From: Thinh Nguyen <Thinh.Nguyen@synopsys.com>
To: "stern@rowland.harvard.edu" <stern@rowland.harvard.edu>
Cc: Thinh Nguyen <Thinh.Nguyen@synopsys.com>,
Mathias Nyman <mathias.nyman@linux.intel.com>,
"linux-usb@vger.kernel.org" <linux-usb@vger.kernel.org>,
"michal.pecio@gmail.com" <michal.pecio@gmail.com>,
"oneukum@suse.com" <oneukum@suse.com>,
"niklas.neronin@linux.intel.com" <niklas.neronin@linux.intel.com>
Subject: Re: [RFC PATCH 1/2] xhci: prevent automatic endpoint restart after stall or error
Date: Sat, 4 Apr 2026 20:41:36 +0000 [thread overview]
Message-ID: <20260404204133.3mcizeeokw3ln5r4@synopsys.com> (raw)

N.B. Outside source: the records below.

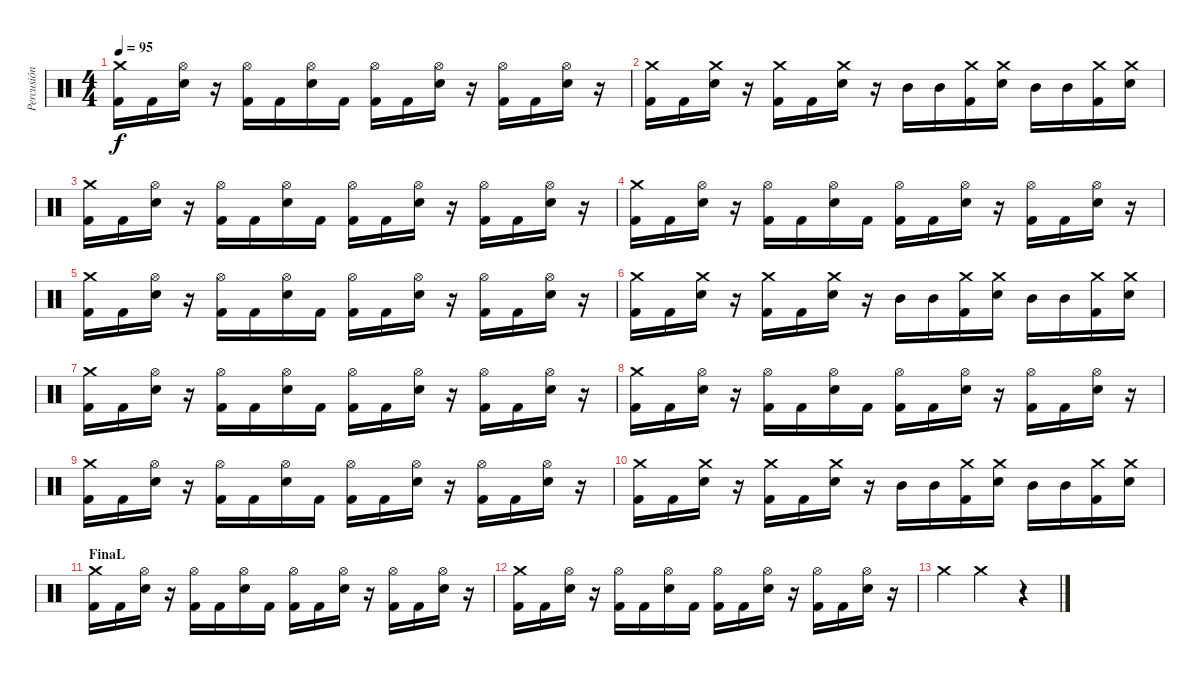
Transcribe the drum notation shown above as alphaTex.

\track ("Percusión" "Percusión") {instrument percussion}
\staff {score}
\articulation defaults
\ts (4 4)
\tempo 95
\clef neutral
\ks c
("Crash medium (hit)" "Kick (hit) 2").16{dy f} "Kick (hit) 2".16 ("Hi-Hat (open)" "Electric Snare (hit)").16 r.16 ("Hi-Hat (open)" "Kick (hit) 2").16 "Kick (hit) 2".16 ("Hi-Hat (open)" "Electric Snare (hit)").16 "Kick (hit) 2".16 ("Hi-Hat (open)" "Kick (hit) 2").16 "Kick (hit) 2".16 ("Hi-Hat (open)" "Electric Snare (hit)").16 r.16 ("Hi-Hat (open)" "Kick (hit) 2").16 "Kick (hit) 2".16 ("Hi-Hat (open)" "Electric Snare (hit)").16 r.16 |
("Crash medium (hit)" "Kick (hit) 2").16 "Kick (hit) 2".16 ("Crash medium (hit)" "Electric Snare (hit)").16 r.16 ("Crash medium (hit)" "Kick (hit) 2").16 "Kick (hit) 2".16 ("Crash medium (hit)" "Electric Snare (hit)").16 r.16 "Mid Tom (hit)".16 "Mid Tom (hit)".16 ("Crash medium (hit)" "Kick (hit) 2").16 ("Crash medium (hit)" "Electric Snare (hit)").16 "Mid Tom (hit)".16 "Mid Tom (hit)".16 ("Crash medium (hit)" "Kick (hit) 2").16 ("Crash medium (hit)" "Electric Snare (hit)").16 |
("Crash medium (hit)" "Kick (hit) 2").16 "Kick (hit) 2".16 ("Hi-Hat (open)" "Electric Snare (hit)").16 r.16 ("Hi-Hat (open)" "Kick (hit) 2").16 "Kick (hit) 2".16 ("Hi-Hat (open)" "Electric Snare (hit)").16 "Kick (hit) 2".16 ("Hi-Hat (open)" "Kick (hit) 2").16 "Kick (hit) 2".16 ("Hi-Hat (open)" "Electric Snare (hit)").16 r.16 ("Hi-Hat (open)" "Kick (hit) 2").16 "Kick (hit) 2".16 ("Hi-Hat (open)" "Electric Snare (hit)").16 r.16 |
("Crash medium (hit)" "Kick (hit) 2").16 "Kick (hit) 2".16 ("Hi-Hat (open)" "Electric Snare (hit)").16 r.16 ("Hi-Hat (open)" "Kick (hit) 2").16 "Kick (hit) 2".16 ("Hi-Hat (open)" "Electric Snare (hit)").16 "Kick (hit) 2".16 ("Hi-Hat (open)" "Kick (hit) 2").16 "Kick (hit) 2".16 ("Hi-Hat (open)" "Electric Snare (hit)").16 r.16 ("Hi-Hat (open)" "Kick (hit) 2").16 "Kick (hit) 2".16 ("Hi-Hat (open)" "Electric Snare (hit)").16 r.16 |
("Crash medium (hit)" "Kick (hit) 2").16 "Kick (hit) 2".16 ("Hi-Hat (open)" "Electric Snare (hit)").16 r.16 ("Hi-Hat (open)" "Kick (hit) 2").16 "Kick (hit) 2".16 ("Hi-Hat (open)" "Electric Snare (hit)").16 "Kick (hit) 2".16 ("Hi-Hat (open)" "Kick (hit) 2").16 "Kick (hit) 2".16 ("Hi-Hat (open)" "Electric Snare (hit)").16 r.16 ("Hi-Hat (open)" "Kick (hit) 2").16 "Kick (hit) 2".16 ("Hi-Hat (open)" "Electric Snare (hit)").16 r.16 |
("Crash medium (hit)" "Kick (hit) 2").16 "Kick (hit) 2".16 ("Crash medium (hit)" "Electric Snare (hit)").16 r.16 ("Crash medium (hit)" "Kick (hit) 2").16 "Kick (hit) 2".16 ("Crash medium (hit)" "Electric Snare (hit)").16 r.16 "Mid Tom (hit)".16 "Mid Tom (hit)".16 ("Crash medium (hit)" "Kick (hit) 2").16 ("Crash medium (hit)" "Electric Snare (hit)").16 "Mid Tom (hit)".16 "Mid Tom (hit)".16 ("Crash medium (hit)" "Kick (hit) 2").16 ("Crash medium (hit)" "Electric Snare (hit)").16 |
("Crash medium (hit)" "Kick (hit) 2").16 "Kick (hit) 2".16 ("Hi-Hat (open)" "Electric Snare (hit)").16 r.16 ("Hi-Hat (open)" "Kick (hit) 2").16 "Kick (hit) 2".16 ("Hi-Hat (open)" "Electric Snare (hit)").16 "Kick (hit) 2".16 ("Hi-Hat (open)" "Kick (hit) 2").16 "Kick (hit) 2".16 ("Hi-Hat (open)" "Electric Snare (hit)").16 r.16 ("Hi-Hat (open)" "Kick (hit) 2").16 "Kick (hit) 2".16 ("Hi-Hat (open)" "Electric Snare (hit)").16 r.16 |
("Crash medium (hit)" "Kick (hit) 2").16 "Kick (hit) 2".16 ("Hi-Hat (open)" "Electric Snare (hit)").16 r.16 ("Hi-Hat (open)" "Kick (hit) 2").16 "Kick (hit) 2".16 ("Hi-Hat (open)" "Electric Snare (hit)").16 "Kick (hit) 2".16 ("Hi-Hat (open)" "Kick (hit) 2").16 "Kick (hit) 2".16 ("Hi-Hat (open)" "Electric Snare (hit)").16 r.16 ("Hi-Hat (open)" "Kick (hit) 2").16 "Kick (hit) 2".16 ("Hi-Hat (open)" "Electric Snare (hit)").16 r.16 |
("Crash medium (hit)" "Kick (hit) 2").16 "Kick (hit) 2".16 ("Hi-Hat (open)" "Electric Snare (hit)").16 r.16 ("Hi-Hat (open)" "Kick (hit) 2").16 "Kick (hit) 2".16 ("Hi-Hat (open)" "Electric Snare (hit)").16 "Kick (hit) 2".16 ("Hi-Hat (open)" "Kick (hit) 2").16 "Kick (hit) 2".16 ("Hi-Hat (open)" "Electric Snare (hit)").16 r.16 ("Hi-Hat (open)" "Kick (hit) 2").16 "Kick (hit) 2".16 ("Hi-Hat (open)" "Electric Snare (hit)").16 r.16 |
("Crash medium (hit)" "Kick (hit) 2").16 "Kick (hit) 2".16 ("Crash medium (hit)" "Electric Snare (hit)").16 r.16 ("Crash medium (hit)" "Kick (hit) 2").16 "Kick (hit) 2".16 ("Crash medium (hit)" "Electric Snare (hit)").16 r.16 "Mid Tom (hit)".16 "Mid Tom (hit)".16 ("Crash medium (hit)" "Kick (hit) 2").16 ("Crash medium (hit)" "Electric Snare (hit)").16 "Mid Tom (hit)".16 "Mid Tom (hit)".16 ("Crash medium (hit)" "Kick (hit) 2").16 ("Crash medium (hit)" "Electric Snare (hit)").16 |
\section ("" "FinaL")
("Crash medium (hit)" "Kick (hit) 2").16 "Kick (hit) 2".16 ("Hi-Hat (open)" "Electric Snare (hit)").16 r.16 ("Hi-Hat (open)" "Kick (hit) 2").16 "Kick (hit) 2".16 ("Hi-Hat (open)" "Electric Snare (hit)").16 "Kick (hit) 2".16 ("Hi-Hat (open)" "Kick (hit) 2").16 "Kick (hit) 2".16 ("Hi-Hat (open)" "Electric Snare (hit)").16 r.16 ("Hi-Hat (open)" "Kick (hit) 2").16 "Kick (hit) 2".16 ("Hi-Hat (open)" "Electric Snare (hit)").16 r.16 |
("Crash medium (hit)" "Kick (hit) 2").16 "Kick (hit) 2".16 ("Hi-Hat (open)" "Electric Snare (hit)").16 r.16 ("Hi-Hat (open)" "Kick (hit) 2").16 "Kick (hit) 2".16 ("Hi-Hat (open)" "Electric Snare (hit)").16 "Kick (hit) 2".16 ("Hi-Hat (open)" "Kick (hit) 2").16 "Kick (hit) 2".16 ("Hi-Hat (open)" "Electric Snare (hit)").16 r.16 ("Hi-Hat (open)" "Kick (hit) 2").16 "Kick (hit) 2".16 ("Hi-Hat (open)" "Electric Snare (hit)").16 r.16 |
"Crash medium (hit)".4 "Crash medium (hit)".2 r.4

In-Reply-To: <616e2a64-6feb-4ee6-bf39-a6284549f18f@rowland.harvard.edu>
On Fri, Apr 03, 2026, stern@rowland.harvard.edu wrote:
> On Sat, Apr 04, 2026 at 01:15:52AM +0000, Thinh Nguyen wrote:
> > > > How about this:
> > > >
> > > > Introduce a halted flag the following conditions:
> > > >
> > > > * Introduce the halted flag in usb_host_endpoint
> > > > * The halted flag must be implemented as a bit in a unsigned long so
> > > > we can use atomic bit operation
> > >
> > > I don't see why it needs to use atomic operations. Unless you're
> > > thinking that we might want to add other bitflags into the same unsigned
> > > long?
> >
> > Now that I think about it again, it's not needed if we have the
> > requirement for clearing the flag only after usb_reset_endpoint.
> >
> > >
> > > > * Only the HCD may set the halted flag, and only upon checking the
> > > > first URB completing with a halted status
> > >
> > > Every status other than 0 should mean that the endpoint's queue is
> > > halted. But not all statuses require a clear-halt or reset-endpoint to
> > > recover. For instance, a short transfer when the URB_SHORT_NOT_OK flag
> > > is set.
> >
> > It seems we're using the "halted" flag for different things. The halted
> > flag to me is the endpoint's state and rather than the endpoint queue
> > state. That is, if the endpoint is halted, there's an error that was
> > reported on the pipe. So, an -ECONNRESET would not cause a halted
> > endpoint.
> >
> > >
> > > Why do you want the HCD to set the flag instead of
> > > usb_hcd_giveback_urb()? Just one central place is simpler than in every
> > > HCD.
> >
> > I'm just thinking in term of whose role to return the pending URBs.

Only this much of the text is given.